---- The records

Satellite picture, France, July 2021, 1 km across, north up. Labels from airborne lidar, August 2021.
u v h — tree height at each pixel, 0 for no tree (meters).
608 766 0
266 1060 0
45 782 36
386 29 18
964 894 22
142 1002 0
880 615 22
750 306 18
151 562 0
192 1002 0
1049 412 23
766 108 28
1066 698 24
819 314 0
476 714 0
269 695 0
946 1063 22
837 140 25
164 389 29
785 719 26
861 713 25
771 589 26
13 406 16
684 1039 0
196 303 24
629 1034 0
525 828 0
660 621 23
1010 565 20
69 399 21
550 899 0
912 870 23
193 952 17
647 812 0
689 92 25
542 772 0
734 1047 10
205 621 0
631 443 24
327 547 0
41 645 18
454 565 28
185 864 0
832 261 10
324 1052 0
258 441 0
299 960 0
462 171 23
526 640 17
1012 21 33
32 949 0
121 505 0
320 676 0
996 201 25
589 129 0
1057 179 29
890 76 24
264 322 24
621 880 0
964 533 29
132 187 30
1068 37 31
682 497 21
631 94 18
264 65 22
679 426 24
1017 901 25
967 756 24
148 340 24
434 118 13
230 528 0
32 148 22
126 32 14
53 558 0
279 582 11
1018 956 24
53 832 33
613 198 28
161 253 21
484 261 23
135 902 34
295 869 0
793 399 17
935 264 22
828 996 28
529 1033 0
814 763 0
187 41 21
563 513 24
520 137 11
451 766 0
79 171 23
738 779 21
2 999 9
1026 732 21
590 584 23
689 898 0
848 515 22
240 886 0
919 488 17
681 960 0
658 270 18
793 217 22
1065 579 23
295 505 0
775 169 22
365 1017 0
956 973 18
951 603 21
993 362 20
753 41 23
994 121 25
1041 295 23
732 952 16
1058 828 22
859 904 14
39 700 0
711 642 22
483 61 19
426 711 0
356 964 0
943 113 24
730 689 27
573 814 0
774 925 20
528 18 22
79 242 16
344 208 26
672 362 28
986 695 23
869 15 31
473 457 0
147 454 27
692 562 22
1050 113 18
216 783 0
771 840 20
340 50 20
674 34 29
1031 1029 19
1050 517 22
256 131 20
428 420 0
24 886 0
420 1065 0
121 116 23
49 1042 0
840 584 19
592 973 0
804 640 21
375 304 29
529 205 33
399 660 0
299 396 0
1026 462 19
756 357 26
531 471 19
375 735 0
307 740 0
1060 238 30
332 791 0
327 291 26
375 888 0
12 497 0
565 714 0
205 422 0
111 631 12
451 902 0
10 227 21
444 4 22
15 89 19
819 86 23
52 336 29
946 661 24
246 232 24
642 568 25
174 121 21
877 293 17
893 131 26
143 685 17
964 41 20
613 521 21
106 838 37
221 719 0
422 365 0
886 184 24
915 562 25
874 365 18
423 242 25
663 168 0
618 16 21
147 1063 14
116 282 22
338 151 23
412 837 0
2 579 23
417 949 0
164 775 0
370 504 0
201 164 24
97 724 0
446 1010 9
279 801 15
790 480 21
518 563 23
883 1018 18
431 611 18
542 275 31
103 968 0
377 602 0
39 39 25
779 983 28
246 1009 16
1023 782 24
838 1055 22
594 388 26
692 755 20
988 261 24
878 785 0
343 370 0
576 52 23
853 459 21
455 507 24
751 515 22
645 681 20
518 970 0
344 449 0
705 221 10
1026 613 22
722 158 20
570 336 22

--------
---- The records

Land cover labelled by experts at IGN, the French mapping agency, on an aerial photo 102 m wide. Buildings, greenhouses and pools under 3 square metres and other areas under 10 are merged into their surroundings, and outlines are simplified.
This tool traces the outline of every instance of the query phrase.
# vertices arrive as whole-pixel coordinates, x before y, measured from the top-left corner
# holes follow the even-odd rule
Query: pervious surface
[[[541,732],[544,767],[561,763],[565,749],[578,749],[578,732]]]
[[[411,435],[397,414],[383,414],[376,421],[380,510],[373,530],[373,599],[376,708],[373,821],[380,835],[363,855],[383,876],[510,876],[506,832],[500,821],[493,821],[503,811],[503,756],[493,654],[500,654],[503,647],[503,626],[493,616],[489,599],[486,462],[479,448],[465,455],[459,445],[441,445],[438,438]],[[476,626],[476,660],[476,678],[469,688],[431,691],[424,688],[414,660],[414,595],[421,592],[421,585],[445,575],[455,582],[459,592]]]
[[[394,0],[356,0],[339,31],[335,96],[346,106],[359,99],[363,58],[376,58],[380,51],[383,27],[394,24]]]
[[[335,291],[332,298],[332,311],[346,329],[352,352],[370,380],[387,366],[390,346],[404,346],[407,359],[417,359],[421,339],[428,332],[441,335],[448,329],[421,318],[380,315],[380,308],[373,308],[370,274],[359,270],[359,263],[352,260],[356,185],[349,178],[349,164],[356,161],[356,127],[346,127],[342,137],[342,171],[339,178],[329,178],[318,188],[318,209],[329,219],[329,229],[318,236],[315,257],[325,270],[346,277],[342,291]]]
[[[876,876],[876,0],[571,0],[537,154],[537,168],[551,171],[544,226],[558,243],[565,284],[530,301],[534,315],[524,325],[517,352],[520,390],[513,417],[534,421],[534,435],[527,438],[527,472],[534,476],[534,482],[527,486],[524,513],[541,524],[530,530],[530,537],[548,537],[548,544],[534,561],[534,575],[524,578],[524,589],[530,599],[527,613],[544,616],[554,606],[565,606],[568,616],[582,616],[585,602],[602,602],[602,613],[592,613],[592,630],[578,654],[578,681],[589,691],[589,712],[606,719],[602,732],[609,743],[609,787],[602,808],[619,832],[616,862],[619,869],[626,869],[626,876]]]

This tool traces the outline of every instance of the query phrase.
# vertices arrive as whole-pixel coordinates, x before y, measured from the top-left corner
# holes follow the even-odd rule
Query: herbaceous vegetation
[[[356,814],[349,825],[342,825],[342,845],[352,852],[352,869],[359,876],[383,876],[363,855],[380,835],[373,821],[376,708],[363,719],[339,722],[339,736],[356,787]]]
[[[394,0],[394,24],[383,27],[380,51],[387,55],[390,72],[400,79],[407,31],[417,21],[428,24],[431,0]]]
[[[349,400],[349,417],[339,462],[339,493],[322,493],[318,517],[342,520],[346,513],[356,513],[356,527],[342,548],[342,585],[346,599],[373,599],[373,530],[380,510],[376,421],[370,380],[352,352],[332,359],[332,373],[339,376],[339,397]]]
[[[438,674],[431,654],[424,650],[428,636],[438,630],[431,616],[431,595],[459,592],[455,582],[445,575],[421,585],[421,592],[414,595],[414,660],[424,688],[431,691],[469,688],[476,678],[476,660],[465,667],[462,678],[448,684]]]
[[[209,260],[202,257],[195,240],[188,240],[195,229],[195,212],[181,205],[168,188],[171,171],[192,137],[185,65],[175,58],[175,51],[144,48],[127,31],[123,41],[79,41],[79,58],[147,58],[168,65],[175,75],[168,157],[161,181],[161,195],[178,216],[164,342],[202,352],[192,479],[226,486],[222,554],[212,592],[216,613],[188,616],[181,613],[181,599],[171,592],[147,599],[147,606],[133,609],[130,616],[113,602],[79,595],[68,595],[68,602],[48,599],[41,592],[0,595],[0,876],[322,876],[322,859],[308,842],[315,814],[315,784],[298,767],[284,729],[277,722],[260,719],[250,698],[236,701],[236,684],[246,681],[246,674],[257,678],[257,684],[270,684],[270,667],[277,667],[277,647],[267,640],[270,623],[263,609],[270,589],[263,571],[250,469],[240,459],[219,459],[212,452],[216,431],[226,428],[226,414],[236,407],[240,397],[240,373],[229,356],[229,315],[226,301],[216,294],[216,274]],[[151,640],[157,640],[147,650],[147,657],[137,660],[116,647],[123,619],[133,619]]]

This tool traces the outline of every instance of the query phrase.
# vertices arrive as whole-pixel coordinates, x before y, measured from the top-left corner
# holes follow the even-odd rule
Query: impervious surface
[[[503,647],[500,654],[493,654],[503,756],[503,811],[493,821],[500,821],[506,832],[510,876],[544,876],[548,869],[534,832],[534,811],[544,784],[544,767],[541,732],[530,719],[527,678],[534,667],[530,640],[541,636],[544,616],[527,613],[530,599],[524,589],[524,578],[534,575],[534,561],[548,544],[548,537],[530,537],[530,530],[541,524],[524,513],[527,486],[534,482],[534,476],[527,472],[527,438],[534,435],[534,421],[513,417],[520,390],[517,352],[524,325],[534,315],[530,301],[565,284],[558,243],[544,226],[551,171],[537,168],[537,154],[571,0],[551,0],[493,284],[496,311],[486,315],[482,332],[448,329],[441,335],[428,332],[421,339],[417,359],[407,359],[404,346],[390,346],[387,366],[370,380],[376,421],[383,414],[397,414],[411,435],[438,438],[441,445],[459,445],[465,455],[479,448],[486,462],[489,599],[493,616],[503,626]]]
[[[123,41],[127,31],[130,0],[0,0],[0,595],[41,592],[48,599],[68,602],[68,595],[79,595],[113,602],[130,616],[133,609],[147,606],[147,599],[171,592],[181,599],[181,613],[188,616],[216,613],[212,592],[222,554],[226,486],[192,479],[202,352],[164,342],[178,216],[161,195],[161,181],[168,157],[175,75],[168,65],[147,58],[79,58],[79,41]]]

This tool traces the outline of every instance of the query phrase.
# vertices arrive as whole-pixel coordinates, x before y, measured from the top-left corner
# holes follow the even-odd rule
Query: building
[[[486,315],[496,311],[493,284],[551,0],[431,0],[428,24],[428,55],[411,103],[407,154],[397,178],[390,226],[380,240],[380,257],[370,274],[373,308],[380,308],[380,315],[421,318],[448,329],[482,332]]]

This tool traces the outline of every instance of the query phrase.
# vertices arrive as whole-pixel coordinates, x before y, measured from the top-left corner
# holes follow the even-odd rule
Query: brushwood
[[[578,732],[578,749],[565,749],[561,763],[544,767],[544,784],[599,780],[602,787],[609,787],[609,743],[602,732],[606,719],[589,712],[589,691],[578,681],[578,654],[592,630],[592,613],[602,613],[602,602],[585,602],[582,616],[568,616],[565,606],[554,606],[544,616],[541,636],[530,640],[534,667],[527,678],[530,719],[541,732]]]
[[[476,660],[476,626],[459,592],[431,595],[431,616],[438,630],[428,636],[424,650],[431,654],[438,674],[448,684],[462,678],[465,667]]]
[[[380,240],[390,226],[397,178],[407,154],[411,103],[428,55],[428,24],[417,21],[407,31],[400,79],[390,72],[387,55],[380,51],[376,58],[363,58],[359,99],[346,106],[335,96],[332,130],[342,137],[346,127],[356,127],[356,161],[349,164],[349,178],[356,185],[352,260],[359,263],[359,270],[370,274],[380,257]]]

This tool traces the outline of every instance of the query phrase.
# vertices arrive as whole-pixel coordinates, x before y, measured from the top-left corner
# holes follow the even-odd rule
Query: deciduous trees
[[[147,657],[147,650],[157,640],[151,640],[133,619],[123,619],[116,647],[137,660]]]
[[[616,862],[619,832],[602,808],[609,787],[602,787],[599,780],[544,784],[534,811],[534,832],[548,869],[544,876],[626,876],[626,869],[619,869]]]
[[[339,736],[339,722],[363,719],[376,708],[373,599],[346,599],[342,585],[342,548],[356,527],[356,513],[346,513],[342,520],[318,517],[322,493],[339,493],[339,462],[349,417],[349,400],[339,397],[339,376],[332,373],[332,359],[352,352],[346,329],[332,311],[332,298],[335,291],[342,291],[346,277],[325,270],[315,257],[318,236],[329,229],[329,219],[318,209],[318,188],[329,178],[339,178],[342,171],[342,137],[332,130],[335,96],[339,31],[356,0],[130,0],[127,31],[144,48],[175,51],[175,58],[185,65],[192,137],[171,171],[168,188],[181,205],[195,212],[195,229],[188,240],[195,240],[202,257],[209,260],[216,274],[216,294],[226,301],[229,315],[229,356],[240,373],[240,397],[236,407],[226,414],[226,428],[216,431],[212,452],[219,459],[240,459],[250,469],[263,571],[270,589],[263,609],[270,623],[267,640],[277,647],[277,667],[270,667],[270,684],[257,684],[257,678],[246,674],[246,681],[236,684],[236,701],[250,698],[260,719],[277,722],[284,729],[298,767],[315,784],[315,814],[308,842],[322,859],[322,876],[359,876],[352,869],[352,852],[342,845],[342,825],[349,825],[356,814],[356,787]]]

--------
---- The records

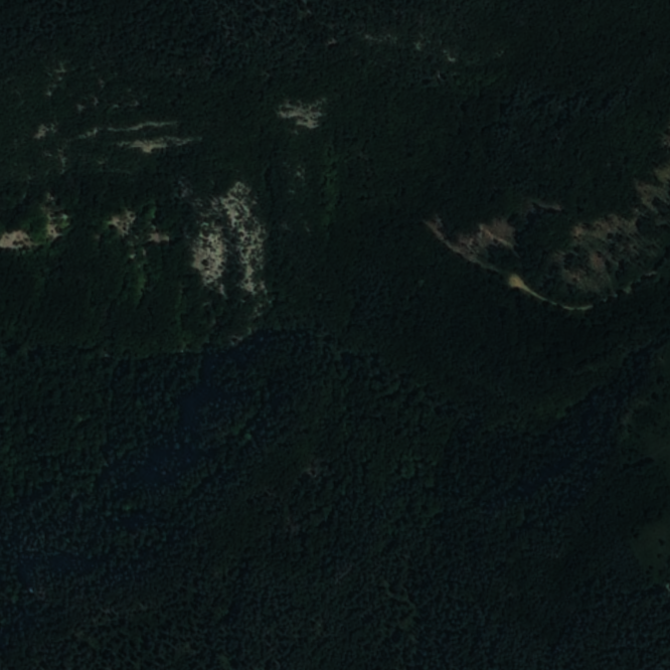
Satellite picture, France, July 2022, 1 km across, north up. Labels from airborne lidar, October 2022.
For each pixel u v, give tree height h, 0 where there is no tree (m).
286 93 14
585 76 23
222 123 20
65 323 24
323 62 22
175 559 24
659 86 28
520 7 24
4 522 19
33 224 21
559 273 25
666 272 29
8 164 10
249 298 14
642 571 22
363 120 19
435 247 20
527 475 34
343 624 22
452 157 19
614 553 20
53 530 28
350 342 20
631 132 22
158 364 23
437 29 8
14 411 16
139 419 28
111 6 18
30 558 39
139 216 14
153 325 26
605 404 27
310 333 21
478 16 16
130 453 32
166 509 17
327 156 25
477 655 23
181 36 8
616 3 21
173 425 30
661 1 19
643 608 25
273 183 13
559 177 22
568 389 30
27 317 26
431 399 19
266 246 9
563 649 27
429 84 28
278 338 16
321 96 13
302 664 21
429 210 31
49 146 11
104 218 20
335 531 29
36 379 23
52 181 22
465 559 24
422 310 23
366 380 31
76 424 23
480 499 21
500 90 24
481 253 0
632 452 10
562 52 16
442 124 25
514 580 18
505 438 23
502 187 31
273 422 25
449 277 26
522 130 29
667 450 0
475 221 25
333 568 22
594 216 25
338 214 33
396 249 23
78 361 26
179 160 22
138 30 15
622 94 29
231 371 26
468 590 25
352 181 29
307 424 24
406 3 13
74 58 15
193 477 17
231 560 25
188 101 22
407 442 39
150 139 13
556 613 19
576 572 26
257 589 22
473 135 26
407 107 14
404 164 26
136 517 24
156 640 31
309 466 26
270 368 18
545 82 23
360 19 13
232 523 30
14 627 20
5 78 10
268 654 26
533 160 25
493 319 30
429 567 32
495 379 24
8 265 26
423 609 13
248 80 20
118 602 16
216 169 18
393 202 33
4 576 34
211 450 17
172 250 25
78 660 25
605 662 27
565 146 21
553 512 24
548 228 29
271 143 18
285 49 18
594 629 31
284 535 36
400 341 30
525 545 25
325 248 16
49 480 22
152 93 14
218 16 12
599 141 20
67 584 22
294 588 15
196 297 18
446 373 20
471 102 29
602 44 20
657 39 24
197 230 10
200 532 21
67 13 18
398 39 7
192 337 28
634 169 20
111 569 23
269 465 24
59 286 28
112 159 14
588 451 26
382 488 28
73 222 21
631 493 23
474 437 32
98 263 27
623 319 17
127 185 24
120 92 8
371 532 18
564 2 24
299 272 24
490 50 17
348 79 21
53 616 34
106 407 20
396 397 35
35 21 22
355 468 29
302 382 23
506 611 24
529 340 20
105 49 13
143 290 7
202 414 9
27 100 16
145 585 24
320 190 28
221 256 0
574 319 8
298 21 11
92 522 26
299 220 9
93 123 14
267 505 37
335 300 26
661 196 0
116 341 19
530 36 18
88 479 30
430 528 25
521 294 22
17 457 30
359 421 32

--------

◆ Your instructions: Copy every line from the entries that contains the word "across".

◆ Response for this exercise:
Satellite picture, France, July 2021, 1 km across, north up. Labels from airborne lidar, August 2021.
Satellite picture, France, July 2022, 1 km across, north up. Labels from airborne lidar, October 2022.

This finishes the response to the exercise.